Features Supported Only When the Acceleration Engine is Enabled
- Append Dataset
- Union Dataset
- Multi-table Fusion of Heterogeneous Datasets
- Advanced Calculation: Window functions are not supported in Mysql 5 and below, Tidb, so advanced calculations are not supported. Importing into the engine is required for support.
- Unsupported Functions in Direct Connection Datasets: All functions listed in the engine support documentation are supported. Functions not supported by other data sources require importing into the engine for support.
Types of Acceleration Engines and Related Data Sources
The system supports using built-in engines and external engines.
- The built-in engine is the system's own acceleration engine, including three types: Greenplum, StarRocks, and Apache Doris, with Greenplum being the default. Users can change the type of built-in engine during system installation.
- The external engine is the user's own data source used as an acceleration engine. Currently, data sources that support enabling the acceleration engine include: MySQL, PostgreSQL, Greenplum, Oracle, SQL Server, Spark SQL, TiDB, Amazon Redshift, MaxCompute PostgreSQL, DB2, Hive, Cloudera Impala, Presto, MongoDB, HBase, ClickHouse.

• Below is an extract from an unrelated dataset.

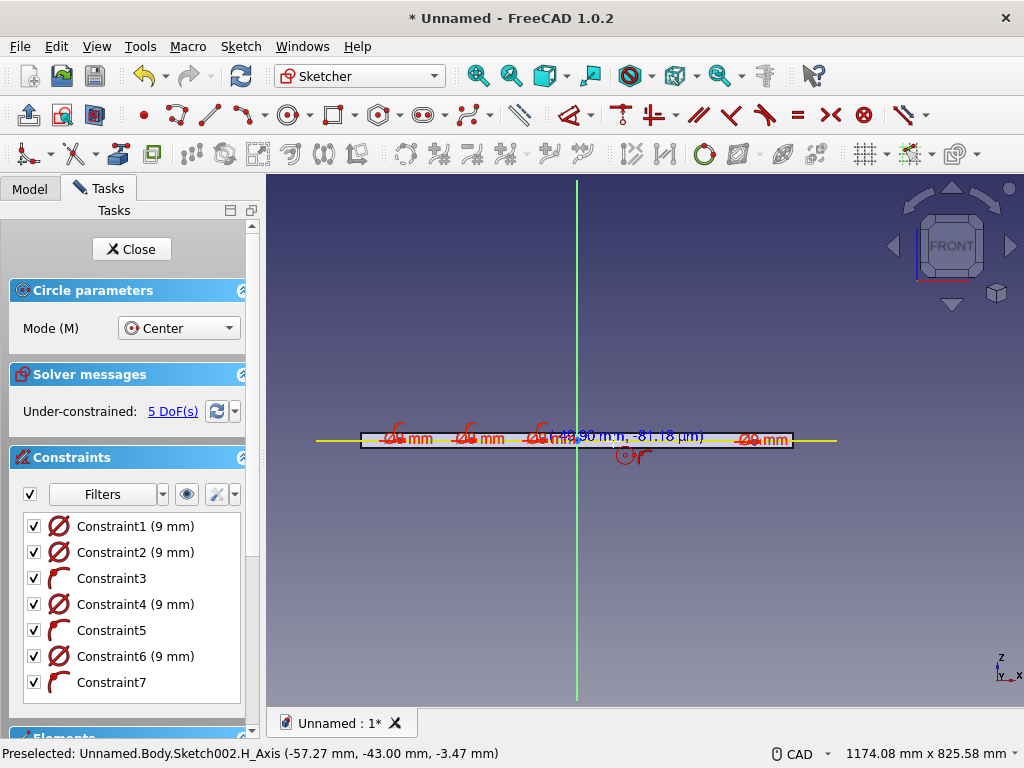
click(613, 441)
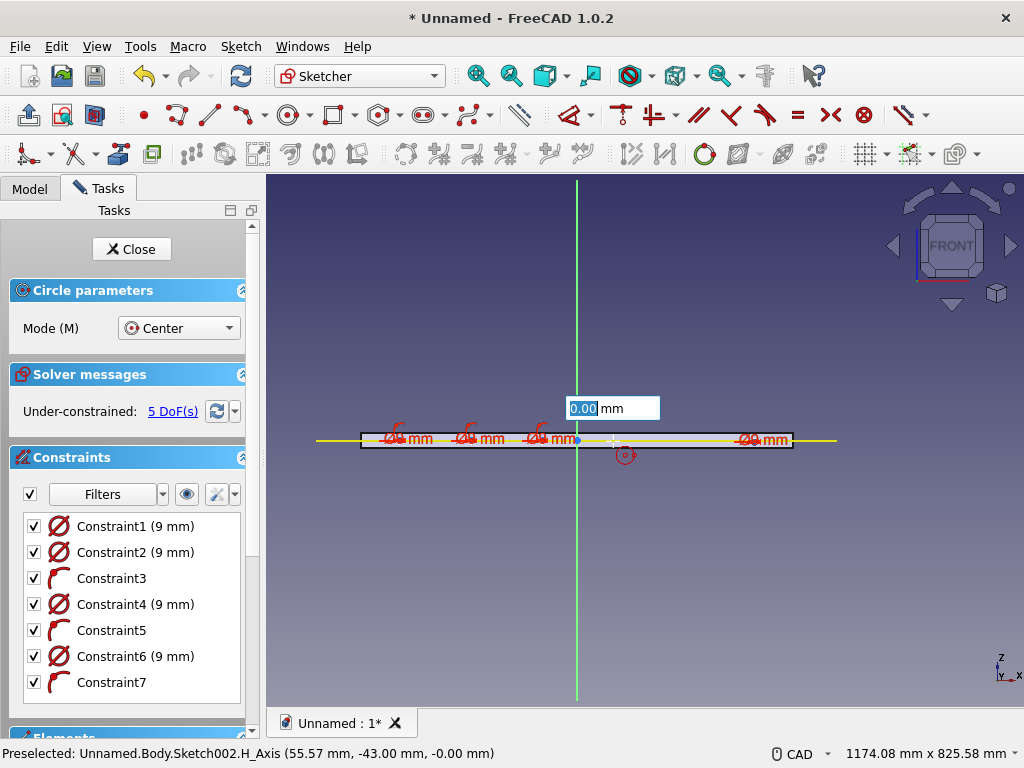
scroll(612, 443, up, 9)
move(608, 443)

ClickHouse Materialized Views
When the system's acceleration engine is ClickHouse, Multi-table Fusion Datasets can use ClickHouse materialized views when imported into the engine. This materialized view can update the dataset in real-time without the need for a refresh schedule, improving the query performance of associated data.
Using ClickHouse materialized views requires that the data source of the multi-table fusion dataset must be ClickHouse and must be in the same cluster as the engine. Due to the implementation mechanism of ClickHouse, the view is only triggered and data is updated when the left table is updated. For more details, please refer to the ClickHouse official documentation.